WHAT IS EXPECTED >>
Quote all lines below exactly. Images stay out.

Collection entries:

'''

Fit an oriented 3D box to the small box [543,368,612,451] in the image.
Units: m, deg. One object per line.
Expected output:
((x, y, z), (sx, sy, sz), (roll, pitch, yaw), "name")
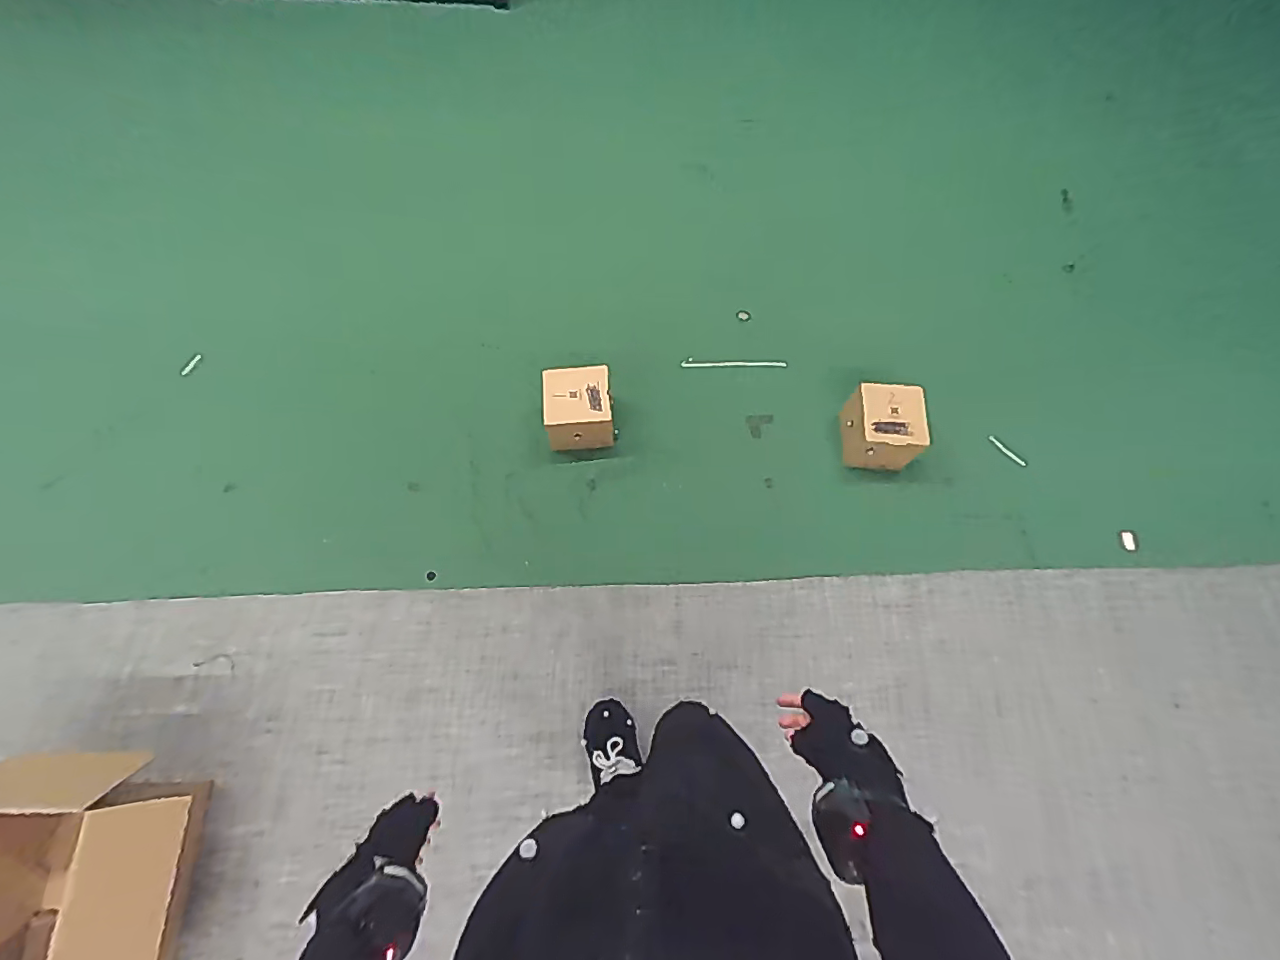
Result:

'''

TASK SOLUTION >>
Fit an oriented 3D box to the small box [543,368,612,451] in the image.
Units: m, deg. One object per line.
Expected output:
((x, y, z), (sx, sy, sz), (roll, pitch, yaw), "name")
Result:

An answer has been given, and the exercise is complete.